Your assignment
Quote only the span from the first line of the entries to the line containing "- oxford shoe [0, 132, 11, 141]", both ends kept. Leave every picture out.

───

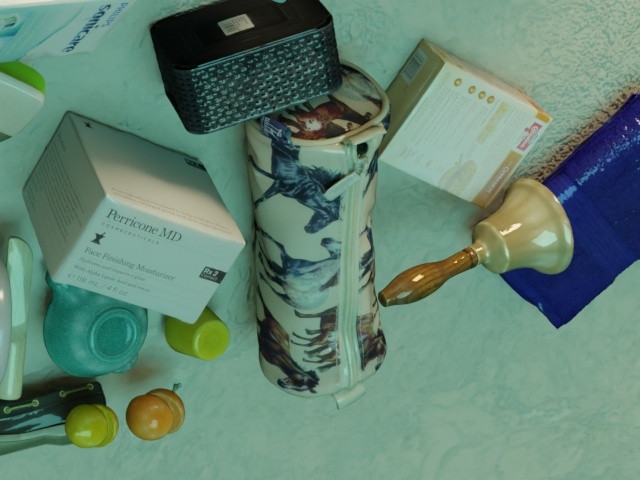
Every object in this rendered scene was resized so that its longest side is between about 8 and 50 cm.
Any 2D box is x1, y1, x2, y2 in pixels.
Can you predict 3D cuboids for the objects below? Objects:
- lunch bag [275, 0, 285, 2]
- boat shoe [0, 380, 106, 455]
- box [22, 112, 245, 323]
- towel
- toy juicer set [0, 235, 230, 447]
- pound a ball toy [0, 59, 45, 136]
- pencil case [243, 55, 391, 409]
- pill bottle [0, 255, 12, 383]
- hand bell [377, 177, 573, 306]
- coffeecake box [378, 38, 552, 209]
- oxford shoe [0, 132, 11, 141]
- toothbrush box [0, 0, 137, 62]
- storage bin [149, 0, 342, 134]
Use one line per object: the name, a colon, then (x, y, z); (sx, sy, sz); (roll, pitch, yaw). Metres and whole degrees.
lunch bag: (-0.116, -0.376, 1.326); (0.262, 0.160, 0.223); (17, 134, -11)
boat shoe: (-0.373, 0.220, 1.713); (0.228, 0.068, 0.081); (-7, 160, -18)
box: (-0.206, -0.025, 1.537); (0.181, 0.182, 0.119); (20, 114, -34)
towel: (0.366, -0.041, 1.864); (0.308, 0.076, 0.228); (-40, 133, 9)
toy juicer set: (-0.277, 0.133, 1.661); (0.329, 0.089, 0.209); (24, 90, -38)
pound a ball toy: (-0.363, -0.237, 1.357); (0.319, 0.208, 0.136); (23, 151, -26)
pencil case: (0.000, 0.000, 1.651); (0.160, 0.183, 0.410); (-13, 128, -16)
pill bottle: (-0.486, 0.085, 1.502); (0.283, 0.161, 0.161); (2, 122, -25)
hand bell: (0.169, 0.024, 1.678); (0.242, 0.126, 0.126); (-23, 131, -26)
coffeecake box: (0.163, -0.137, 1.701); (0.185, 0.068, 0.142); (22, 112, -35)
oxford shoe: (-0.452, -0.101, 1.404); (0.348, 0.130, 0.123); (-10, 127, -18)
toothbrush box: (-0.333, -0.270, 1.223); (0.296, 0.216, 0.126); (-14, 169, -36)
storage bin: (-0.079, -0.199, 1.511); (0.180, 0.122, 0.084); (-19, 129, -12)
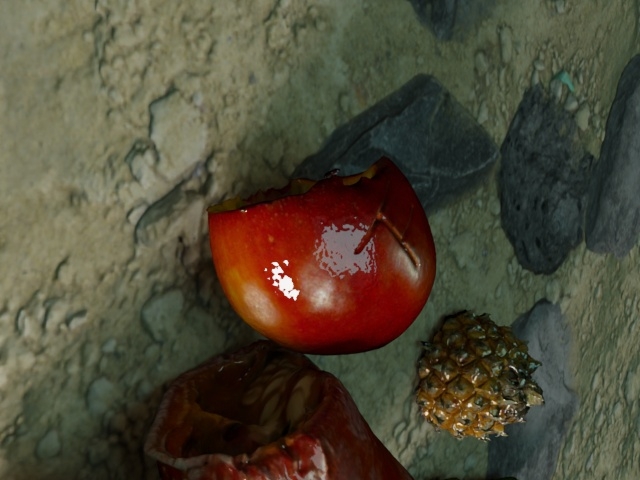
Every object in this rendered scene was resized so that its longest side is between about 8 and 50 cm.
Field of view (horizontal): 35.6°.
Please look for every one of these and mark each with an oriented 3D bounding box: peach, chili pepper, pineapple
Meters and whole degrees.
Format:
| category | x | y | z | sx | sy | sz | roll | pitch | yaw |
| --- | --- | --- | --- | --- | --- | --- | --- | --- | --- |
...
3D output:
| category | x | y | z | sx | sy | sz | roll | pitch | yaw |
| --- | --- | --- | --- | --- | --- | --- | --- | --- | --- |
| peach | 0.000 | 0.000 | 0.915 | 0.196 | 0.190 | 0.226 | -48 | 129 | 6 |
| chili pepper | -0.006 | 0.233 | 0.922 | 0.251 | 0.229 | 0.305 | -75 | 147 | -57 |
| pineapple | 0.217 | 0.175 | 1.228 | 0.176 | 0.137 | 0.161 | 7 | 93 | -49 |

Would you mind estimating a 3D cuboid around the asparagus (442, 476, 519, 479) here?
| category | x | y | z | sx | sy | sz | roll | pitch | yaw |
| --- | --- | --- | --- | --- | --- | --- | --- | --- | --- |
| asparagus | 0.184 | 0.342 | 1.290 | 0.278 | 0.060 | 0.067 | 14 | 68 | -49 |
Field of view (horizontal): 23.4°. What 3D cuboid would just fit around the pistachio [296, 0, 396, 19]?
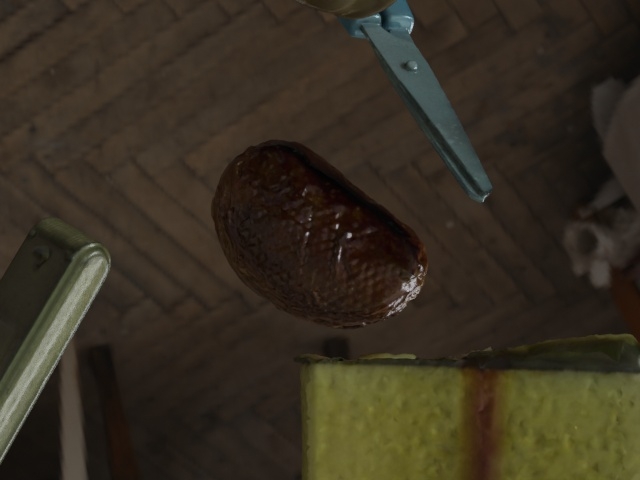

───

Written solution
Every object in this rendered scene was resized so that its longest side is between about 8 and 50 cm.
Any 2D box is x1, y1, x2, y2 in pixels.
Can you predict 3D cuboids for the objects below? Objects:
- lunch bag [275, 0, 285, 2]
- boat shoe [0, 380, 106, 455]
- box [22, 112, 245, 323]
- towel
- toy juicer set [0, 235, 230, 447]
- pound a ball toy [0, 59, 45, 136]
- pencil case [243, 55, 391, 409]
- pill bottle [0, 255, 12, 383]
- hand bell [377, 177, 573, 306]
- coffeecake box [378, 38, 552, 209]
- oxford shoe [0, 132, 11, 141]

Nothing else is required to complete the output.